**REQUIRED WORK:** Could you return each line of the material that has "stroke" in it?

**PROVIDED DATA:**
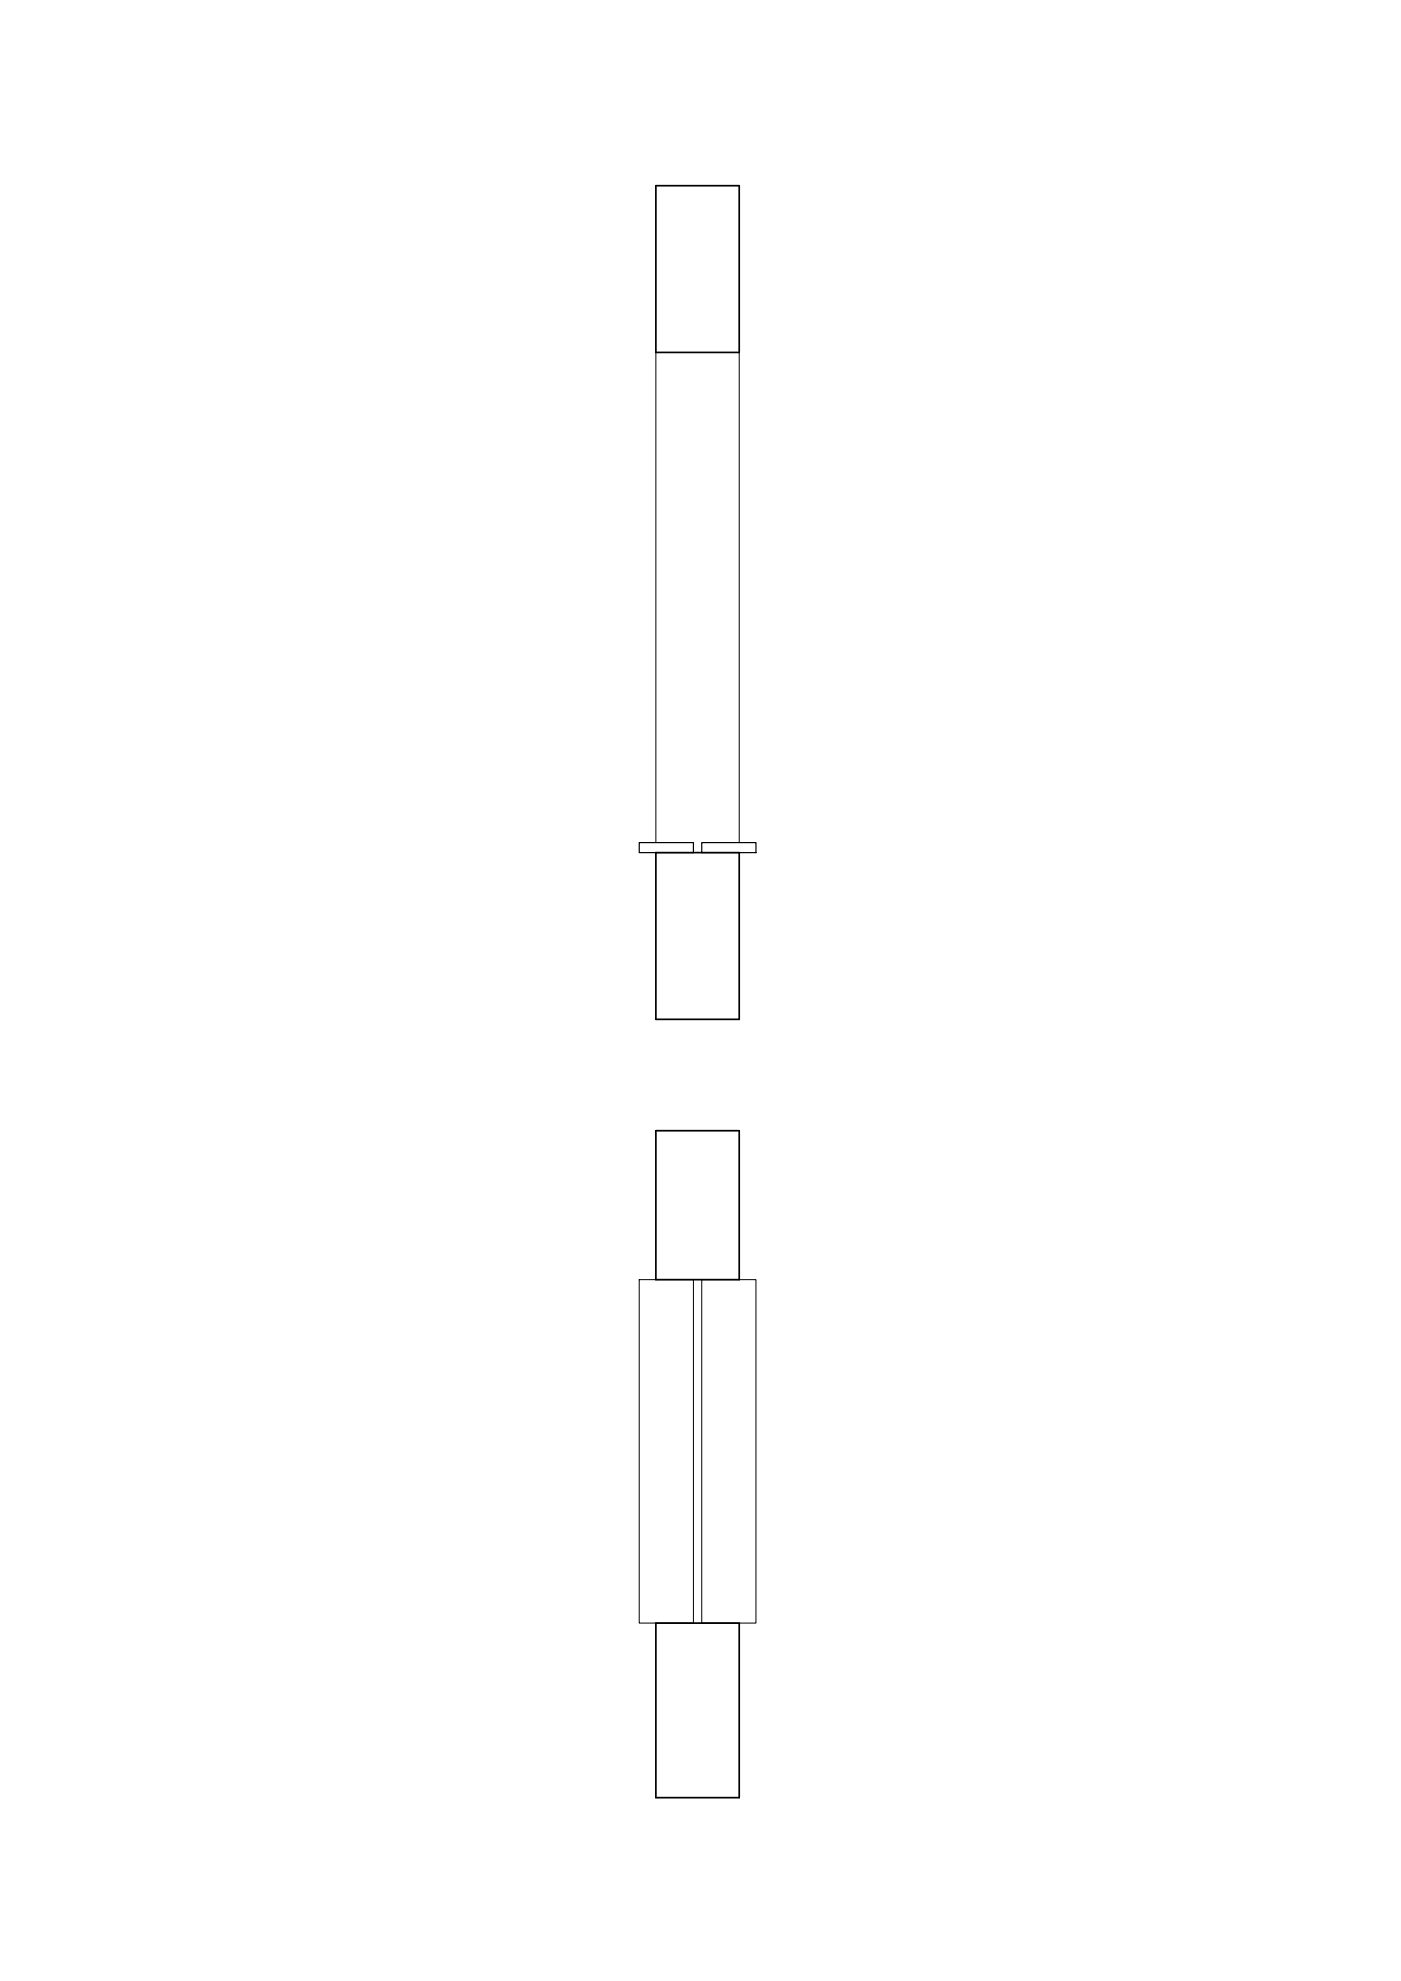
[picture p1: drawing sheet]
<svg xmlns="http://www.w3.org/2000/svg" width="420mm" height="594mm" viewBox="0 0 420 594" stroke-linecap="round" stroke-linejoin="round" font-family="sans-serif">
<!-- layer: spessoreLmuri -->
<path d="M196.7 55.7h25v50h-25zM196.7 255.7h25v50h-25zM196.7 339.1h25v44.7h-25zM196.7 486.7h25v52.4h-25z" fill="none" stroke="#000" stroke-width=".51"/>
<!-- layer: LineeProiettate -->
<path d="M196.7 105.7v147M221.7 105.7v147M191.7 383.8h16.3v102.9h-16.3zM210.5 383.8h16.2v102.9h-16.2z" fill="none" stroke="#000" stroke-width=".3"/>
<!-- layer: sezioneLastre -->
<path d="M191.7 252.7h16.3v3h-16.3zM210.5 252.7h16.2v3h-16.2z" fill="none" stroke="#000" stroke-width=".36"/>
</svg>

**TASK OUTPUT:**
<svg xmlns="http://www.w3.org/2000/svg" width="420mm" height="594mm" viewBox="0 0 420 594" stroke-linecap="round" stroke-linejoin="round" font-family="sans-serif">
<path d="M196.7 55.7h25v50h-25zM196.7 255.7h25v50h-25zM196.7 339.1h25v44.7h-25zM196.7 486.7h25v52.4h-25z" fill="none" stroke="#000" stroke-width=".51"/>
<path d="M196.7 105.7v147M221.7 105.7v147M191.7 383.8h16.3v102.9h-16.3zM210.5 383.8h16.2v102.9h-16.2z" fill="none" stroke="#000" stroke-width=".3"/>
<path d="M191.7 252.7h16.3v3h-16.3zM210.5 252.7h16.2v3h-16.2z" fill="none" stroke="#000" stroke-width=".36"/>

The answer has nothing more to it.